# Printer issues with remote desktop



## lscott (Jul 14, 2006)

I've inherited a problem that just got the former IT company fired for for not being able to fix. So now my butt's on the fire. 

What happening is that printers that are set up as network printers on the server (Win2003) are not always visible and available to the remote desktop session. Sometimes they are, and sometimes they're not. The clues I've got are that when the printer is not visible, the 'share' tab on the server's printer properties takes a while to load, and when it does, the 'List in Directory' checkbox is missing. Later, the checkbox will be there for no apparent reason.

I've tried all the combinations of deleting and reinstalling the printers both on the workstations and the server. I've checked the group settings on the server to make sure all the printer settings look right.

The other clue I've got is that the server was originally set up with Server 2003 Small Business, and was upgraded when it was determined that Small Business would not support the custom software package they've got.

I was told that the upgrade was a clean install, but I've got no way to know if that's true.

Any clues would be appreciated!

Lee Scott


----------



## whardman (Jun 28, 2006)

Is the server set up as a print server?


----------



## lscott (Jul 14, 2006)

Yes, it is set up as a print server. 

For some reason, the remote printers created when a remote desktop session is initiated work fine.
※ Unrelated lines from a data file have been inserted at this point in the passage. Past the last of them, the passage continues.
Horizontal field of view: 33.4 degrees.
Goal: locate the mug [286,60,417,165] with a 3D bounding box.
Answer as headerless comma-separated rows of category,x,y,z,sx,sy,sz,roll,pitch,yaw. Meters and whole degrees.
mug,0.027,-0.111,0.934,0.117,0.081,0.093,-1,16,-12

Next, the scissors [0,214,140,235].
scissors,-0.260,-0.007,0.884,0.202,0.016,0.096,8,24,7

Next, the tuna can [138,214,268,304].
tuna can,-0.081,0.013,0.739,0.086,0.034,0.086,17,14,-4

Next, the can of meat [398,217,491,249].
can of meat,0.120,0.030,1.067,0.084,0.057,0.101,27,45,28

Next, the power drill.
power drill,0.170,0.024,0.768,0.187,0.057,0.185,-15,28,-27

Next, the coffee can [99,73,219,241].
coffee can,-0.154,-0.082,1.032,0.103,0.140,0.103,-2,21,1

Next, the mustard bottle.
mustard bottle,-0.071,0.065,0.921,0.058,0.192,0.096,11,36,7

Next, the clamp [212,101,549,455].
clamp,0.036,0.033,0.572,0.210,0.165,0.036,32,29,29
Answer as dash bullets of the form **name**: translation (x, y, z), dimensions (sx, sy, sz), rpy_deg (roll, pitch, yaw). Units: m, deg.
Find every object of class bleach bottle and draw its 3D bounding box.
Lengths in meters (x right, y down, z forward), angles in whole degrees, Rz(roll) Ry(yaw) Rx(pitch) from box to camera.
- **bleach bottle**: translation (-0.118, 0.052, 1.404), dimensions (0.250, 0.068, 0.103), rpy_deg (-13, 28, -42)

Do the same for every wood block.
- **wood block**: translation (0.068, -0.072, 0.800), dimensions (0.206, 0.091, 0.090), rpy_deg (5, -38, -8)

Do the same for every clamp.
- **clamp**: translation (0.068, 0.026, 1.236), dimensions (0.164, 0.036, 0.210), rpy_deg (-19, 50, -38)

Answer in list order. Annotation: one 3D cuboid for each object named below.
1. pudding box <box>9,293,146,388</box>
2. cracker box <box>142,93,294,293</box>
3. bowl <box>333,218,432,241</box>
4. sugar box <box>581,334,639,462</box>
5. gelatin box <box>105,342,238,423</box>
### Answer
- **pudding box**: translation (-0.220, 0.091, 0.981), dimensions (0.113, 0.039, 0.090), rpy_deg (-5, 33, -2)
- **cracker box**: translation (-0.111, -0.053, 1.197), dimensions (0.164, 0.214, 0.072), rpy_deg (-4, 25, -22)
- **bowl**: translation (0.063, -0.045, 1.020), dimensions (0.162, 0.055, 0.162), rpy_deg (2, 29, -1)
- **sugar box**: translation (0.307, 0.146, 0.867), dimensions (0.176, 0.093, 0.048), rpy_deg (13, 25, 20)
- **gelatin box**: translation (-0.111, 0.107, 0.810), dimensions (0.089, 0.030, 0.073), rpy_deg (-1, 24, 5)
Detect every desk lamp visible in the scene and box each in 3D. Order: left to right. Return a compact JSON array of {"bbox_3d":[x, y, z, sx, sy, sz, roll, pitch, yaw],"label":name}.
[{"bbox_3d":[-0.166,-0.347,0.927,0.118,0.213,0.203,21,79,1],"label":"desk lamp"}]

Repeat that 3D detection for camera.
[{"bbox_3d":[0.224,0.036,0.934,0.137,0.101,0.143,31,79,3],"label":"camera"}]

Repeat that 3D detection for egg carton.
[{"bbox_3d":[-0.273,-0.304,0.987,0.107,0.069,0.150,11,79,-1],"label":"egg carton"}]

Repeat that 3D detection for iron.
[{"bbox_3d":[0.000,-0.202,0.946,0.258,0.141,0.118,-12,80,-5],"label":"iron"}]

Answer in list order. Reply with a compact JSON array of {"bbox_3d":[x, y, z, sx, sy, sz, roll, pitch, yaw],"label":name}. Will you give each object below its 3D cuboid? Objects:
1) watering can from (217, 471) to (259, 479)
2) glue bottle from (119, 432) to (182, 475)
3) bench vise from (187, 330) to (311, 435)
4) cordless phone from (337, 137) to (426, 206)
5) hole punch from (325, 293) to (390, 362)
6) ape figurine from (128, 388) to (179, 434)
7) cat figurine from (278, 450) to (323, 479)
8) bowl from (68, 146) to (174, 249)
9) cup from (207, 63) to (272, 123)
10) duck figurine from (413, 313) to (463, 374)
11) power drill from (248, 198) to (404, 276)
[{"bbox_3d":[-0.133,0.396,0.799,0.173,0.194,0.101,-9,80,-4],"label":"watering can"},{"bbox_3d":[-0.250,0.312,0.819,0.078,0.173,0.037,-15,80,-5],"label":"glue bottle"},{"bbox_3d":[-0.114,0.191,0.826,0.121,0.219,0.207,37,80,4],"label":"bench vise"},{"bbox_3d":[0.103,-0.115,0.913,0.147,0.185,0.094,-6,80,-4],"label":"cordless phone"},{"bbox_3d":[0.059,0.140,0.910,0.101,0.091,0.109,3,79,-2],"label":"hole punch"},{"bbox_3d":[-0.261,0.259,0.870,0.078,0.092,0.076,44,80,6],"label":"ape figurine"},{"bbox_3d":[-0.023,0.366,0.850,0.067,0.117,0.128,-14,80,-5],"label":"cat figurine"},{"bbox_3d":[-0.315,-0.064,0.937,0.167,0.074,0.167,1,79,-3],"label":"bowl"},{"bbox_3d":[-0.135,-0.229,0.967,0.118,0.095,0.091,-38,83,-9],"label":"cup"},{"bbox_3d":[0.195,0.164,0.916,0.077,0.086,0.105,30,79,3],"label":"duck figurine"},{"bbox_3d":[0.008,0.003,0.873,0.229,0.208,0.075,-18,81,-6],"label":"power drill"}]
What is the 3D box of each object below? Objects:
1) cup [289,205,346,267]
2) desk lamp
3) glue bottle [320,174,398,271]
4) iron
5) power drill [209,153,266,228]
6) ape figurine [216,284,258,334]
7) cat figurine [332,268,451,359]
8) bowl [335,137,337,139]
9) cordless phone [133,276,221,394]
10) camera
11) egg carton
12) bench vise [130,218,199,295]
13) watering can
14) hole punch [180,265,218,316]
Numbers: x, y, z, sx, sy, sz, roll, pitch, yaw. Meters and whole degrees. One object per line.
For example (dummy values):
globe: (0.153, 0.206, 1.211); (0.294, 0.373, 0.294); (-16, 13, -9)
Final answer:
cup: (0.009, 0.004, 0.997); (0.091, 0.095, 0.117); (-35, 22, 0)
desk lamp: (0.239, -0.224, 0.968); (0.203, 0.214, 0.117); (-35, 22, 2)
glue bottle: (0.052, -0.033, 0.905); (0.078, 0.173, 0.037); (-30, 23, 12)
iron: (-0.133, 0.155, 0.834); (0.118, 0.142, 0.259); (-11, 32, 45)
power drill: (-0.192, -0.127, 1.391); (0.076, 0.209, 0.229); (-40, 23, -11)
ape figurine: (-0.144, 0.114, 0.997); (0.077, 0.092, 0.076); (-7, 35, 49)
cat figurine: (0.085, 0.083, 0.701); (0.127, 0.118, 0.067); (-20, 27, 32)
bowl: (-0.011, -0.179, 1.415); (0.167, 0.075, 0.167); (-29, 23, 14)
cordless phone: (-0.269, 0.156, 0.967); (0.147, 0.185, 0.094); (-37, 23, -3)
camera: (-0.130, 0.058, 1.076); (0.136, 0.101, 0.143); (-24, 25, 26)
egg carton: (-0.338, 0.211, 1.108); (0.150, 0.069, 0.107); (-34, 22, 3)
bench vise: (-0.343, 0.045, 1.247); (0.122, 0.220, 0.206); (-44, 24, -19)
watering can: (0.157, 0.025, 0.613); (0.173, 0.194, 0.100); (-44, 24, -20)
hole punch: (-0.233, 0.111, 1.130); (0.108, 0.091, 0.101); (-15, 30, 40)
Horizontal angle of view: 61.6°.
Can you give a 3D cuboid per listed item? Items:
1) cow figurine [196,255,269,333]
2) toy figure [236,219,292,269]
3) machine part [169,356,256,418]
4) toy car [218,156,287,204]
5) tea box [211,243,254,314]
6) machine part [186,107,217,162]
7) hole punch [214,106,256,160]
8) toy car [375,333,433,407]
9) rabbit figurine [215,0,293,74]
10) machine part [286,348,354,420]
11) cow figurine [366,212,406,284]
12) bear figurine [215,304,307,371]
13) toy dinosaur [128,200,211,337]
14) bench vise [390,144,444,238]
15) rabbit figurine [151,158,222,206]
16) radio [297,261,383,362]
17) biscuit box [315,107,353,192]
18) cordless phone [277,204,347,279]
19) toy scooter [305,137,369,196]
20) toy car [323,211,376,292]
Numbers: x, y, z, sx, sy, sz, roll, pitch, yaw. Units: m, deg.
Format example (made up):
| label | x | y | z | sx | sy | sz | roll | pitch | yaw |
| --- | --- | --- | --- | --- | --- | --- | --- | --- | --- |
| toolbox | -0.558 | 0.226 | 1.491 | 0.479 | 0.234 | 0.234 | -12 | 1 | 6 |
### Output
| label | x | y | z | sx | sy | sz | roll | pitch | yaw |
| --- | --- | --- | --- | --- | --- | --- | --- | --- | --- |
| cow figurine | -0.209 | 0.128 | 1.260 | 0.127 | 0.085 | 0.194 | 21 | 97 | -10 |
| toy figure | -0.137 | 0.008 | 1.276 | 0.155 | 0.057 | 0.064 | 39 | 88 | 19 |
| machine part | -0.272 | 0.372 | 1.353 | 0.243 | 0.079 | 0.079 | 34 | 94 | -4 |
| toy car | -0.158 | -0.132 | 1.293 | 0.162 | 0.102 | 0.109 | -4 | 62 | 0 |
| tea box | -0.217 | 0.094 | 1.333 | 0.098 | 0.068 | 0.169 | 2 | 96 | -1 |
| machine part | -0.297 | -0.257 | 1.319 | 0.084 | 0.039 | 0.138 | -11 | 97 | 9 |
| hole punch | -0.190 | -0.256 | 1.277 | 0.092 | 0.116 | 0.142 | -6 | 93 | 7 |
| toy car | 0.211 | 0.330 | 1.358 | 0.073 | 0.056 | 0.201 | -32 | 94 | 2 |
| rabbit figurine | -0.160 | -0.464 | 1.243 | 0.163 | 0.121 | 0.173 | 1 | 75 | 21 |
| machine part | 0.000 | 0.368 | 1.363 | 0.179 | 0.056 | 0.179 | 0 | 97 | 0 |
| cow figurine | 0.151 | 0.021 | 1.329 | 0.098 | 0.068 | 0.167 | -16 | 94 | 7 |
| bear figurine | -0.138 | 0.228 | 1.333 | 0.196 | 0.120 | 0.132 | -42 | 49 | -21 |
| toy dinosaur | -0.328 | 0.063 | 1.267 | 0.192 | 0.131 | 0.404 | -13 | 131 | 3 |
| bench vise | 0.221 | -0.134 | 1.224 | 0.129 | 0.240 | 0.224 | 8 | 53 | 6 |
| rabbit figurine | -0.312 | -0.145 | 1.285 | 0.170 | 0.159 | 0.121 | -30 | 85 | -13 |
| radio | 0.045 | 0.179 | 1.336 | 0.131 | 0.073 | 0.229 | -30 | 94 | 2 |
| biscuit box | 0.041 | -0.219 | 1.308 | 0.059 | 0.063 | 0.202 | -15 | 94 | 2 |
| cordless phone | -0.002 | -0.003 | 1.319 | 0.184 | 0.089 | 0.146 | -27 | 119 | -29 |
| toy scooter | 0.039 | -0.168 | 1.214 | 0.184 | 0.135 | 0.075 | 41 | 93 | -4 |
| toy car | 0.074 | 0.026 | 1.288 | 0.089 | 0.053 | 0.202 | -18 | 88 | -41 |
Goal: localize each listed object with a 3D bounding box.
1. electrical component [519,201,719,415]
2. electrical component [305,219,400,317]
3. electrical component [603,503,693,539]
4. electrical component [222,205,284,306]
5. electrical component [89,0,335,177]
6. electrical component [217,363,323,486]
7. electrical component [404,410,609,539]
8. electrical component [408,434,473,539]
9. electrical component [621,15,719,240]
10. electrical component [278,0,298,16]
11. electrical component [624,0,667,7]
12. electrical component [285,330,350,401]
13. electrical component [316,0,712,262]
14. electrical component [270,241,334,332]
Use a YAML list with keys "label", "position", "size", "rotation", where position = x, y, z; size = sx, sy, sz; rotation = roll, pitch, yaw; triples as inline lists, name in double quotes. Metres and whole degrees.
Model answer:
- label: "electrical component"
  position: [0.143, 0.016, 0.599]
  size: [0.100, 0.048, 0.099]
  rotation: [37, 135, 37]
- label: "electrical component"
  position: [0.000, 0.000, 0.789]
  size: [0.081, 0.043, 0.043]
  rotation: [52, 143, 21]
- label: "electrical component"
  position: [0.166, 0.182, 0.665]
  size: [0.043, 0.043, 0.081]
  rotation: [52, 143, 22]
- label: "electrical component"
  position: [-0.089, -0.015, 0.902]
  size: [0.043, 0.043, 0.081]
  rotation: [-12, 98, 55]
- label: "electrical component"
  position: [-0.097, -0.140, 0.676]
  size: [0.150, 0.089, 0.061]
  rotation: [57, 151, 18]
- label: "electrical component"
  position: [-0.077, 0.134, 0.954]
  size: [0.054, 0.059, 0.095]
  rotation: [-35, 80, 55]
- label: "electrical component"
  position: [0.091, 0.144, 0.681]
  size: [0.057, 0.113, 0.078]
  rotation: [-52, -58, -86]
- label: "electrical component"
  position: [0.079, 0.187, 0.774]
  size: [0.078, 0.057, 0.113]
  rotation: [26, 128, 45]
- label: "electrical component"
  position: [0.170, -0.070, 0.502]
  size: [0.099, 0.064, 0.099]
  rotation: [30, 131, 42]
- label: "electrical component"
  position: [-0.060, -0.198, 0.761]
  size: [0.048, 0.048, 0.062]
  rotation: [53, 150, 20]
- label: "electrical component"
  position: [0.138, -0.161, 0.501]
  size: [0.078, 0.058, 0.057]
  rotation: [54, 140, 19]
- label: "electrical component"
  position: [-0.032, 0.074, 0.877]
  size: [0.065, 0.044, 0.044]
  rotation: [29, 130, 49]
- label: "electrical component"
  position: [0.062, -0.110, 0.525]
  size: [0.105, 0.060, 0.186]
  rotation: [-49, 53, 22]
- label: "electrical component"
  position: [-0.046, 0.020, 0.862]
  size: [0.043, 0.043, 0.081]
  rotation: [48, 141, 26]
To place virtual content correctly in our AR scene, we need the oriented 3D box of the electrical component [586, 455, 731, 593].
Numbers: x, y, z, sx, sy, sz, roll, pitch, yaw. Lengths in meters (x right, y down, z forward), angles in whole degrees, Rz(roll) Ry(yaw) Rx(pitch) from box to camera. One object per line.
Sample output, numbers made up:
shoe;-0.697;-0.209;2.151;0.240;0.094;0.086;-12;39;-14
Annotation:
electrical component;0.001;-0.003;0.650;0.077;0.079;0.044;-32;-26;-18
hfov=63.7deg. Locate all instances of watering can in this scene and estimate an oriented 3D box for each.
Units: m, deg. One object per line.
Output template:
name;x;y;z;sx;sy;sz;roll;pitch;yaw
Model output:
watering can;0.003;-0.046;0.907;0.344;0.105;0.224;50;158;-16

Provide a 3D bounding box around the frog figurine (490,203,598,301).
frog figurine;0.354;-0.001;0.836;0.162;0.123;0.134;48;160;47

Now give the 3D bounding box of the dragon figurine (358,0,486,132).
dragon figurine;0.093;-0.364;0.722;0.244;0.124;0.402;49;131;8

Just the printers that are defined on the server itself seem to be flakey. You can see them when you go into 'printers and faxes' from the desktop, but not when you go into Manage the Print server.


----------



## whardman (Jun 28, 2006)

Are the local printers shared? Also, is it possible for you to log in locally or not? If you can see if the same thing happens.


----------



## lscott (Jul 14, 2006)

No problems logging in locally. Same thing happens regardless of whether I'm logged in as an administrator or as a user. The printers on the server are shared, but the little hand underneath never appears. The printers created by the remote desktop connections will display the little hand when I share them with no problems. It just seems to affect the printers that are set up as network printers on the server.

All of these network printers are connected to desktops. I'm wondering if there would be any difference if we installed print servers instead?


----------



## whardman (Jun 28, 2006)

Let me make sure I understand correctly. Printers on a remote computer work fine and are visible in the Manage the Print Server, but the local printers do not show up as shared and are not visible in manage the Print Server.

When you connect using Remote Desktop make sure that under local resources 'connect automatically to these devices' is unchecked for all three (or at least the printers). If they are unchecked try checking them.


----------



## lscott (Jul 14, 2006)

That's correct. The printers created when a remote desktop session starts work fine, the printers that are set up on the server are not visible either on the remote desktop, or on the server itself when you go into Manage the Print Server. They are visible on the server when you go into Printers and Faxes, however. When you try and share them, the little hand never appears, but it will appear when you share the session printers. 

Just some very strange behavior. The application logs have a few references to not being able to connect due to bad network connections, but only a couple of entries - nowhere near as many as would be the case if that were the problem.

We're going to try installing print servers rather than connecting the printers to the local workstations and see if that makes any difference. If we still can't see them, we'll know the problem is somewhere on the server.


----------